To Kill a MockingbirdThe late author’s prized novel will be brought to life by Aaron Sorkin who is adapting the novel into a play. He will be joined by Bartlett Sher (“Oslo”) who will be directing the show, which co-produced by Scott Rudin and the Lincoln Center Theater. Sorkin’s version is being advertised as a “new play, based on” Lee’s novel.

National television and movie star  — who was also the star of Sorkin’s HBO Series, “The Newsroom” — Jeff Daniels will be portraying lawyer Atticus Finch. “We never talked about anybody but Jeff, from the very first conversation Aaron and I ever had about doing this together,” Rudin told The Washington Post.

The novel, takes place in a depression-era southern town, the narrator, a girl nicknamed Scout, tells the story of a black man who has been wrongly accused of raping a white woman. Scouts father, the lawyer Finch, defends him despite threats and the scorn of many.

Jeff DanielsThe play comes at an optimal time in America.

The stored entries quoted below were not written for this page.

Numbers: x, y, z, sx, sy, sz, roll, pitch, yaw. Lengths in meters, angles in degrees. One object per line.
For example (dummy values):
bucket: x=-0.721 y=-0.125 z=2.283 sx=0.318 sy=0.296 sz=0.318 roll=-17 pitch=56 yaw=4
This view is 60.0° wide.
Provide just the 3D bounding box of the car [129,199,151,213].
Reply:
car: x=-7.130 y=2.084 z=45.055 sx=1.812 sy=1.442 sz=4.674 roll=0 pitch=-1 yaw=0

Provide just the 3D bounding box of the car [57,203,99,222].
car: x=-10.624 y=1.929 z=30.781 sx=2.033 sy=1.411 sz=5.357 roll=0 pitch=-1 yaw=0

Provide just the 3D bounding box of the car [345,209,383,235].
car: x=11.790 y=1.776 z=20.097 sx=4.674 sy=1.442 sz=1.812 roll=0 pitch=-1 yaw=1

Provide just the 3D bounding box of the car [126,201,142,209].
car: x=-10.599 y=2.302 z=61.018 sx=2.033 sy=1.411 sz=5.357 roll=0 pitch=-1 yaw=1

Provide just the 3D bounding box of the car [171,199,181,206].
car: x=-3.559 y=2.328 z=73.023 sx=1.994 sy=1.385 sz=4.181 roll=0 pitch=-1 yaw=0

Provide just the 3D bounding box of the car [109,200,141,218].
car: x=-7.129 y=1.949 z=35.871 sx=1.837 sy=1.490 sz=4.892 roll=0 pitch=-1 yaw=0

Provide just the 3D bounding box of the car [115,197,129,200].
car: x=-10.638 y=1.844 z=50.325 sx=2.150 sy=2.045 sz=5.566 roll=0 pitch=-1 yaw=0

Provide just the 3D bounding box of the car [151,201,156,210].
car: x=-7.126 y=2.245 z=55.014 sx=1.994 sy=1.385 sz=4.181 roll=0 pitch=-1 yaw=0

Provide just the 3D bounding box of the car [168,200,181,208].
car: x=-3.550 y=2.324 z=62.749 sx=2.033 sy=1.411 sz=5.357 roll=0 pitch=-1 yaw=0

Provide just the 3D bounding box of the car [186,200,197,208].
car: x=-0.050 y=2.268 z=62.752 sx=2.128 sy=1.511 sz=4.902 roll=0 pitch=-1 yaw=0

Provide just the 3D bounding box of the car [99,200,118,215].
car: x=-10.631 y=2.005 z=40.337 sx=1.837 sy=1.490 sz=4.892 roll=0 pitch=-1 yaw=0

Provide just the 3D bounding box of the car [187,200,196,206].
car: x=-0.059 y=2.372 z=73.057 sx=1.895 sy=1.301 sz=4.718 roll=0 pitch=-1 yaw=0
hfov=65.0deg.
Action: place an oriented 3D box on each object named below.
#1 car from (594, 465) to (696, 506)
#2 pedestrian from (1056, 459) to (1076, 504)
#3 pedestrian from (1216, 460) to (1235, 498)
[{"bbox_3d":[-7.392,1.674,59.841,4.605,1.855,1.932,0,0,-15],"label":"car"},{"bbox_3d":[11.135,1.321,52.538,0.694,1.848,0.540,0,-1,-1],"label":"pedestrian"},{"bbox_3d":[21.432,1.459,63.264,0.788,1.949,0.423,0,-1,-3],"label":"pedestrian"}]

Although Lee’s novel celebrates the 58th anniversary of publication this July, it’s account of racial tension and frank discussion of rape and sexuality is still relevant in the lives of those in the American South today.

The producers on Thursday identified other members of a the cast, including: Celia Keenan-Bolger (who’ll portray Scout); Stephen McKinley Henderson, Gideon Glick, LaTanya Richardson Jackson, Frederick Weller, Will Pullen, Stark Sands, Dakin Matthews, Gbenga Akinnagbe, Phyllis Somerville and Liv Rooth.

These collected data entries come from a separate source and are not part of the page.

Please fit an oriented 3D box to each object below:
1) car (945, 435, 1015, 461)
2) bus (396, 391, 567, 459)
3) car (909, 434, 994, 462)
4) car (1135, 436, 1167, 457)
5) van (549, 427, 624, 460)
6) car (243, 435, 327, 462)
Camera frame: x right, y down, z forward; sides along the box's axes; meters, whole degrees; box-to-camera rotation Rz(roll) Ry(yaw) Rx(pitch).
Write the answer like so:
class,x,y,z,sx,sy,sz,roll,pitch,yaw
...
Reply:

Adam Guettel will compose original music for the play; Ann Roth will design the costumes, and Miriam Buether will design the set.

“We just finished two full labs of Aaron’s play, both directed by Bart, and both with this entire cast, It’s an extraordinarily rare occurrence that you can build a play on the people who will ultimately be in it…It’s a huge tribute to both Sorkin and Sher that everybody we asked to be in the production also cleared their schedules to jump into a very beefy lab process with us, especially so far in advance of the play’s production,” said Rudin.

This is the first time Lee’s novel will be adapted and performed on Broadway, which The Washington Post called “an extreme rarity these days for the nation’s most prominent theatrical platform.”

Performances will begin Nov. 1 at a theater to be announced.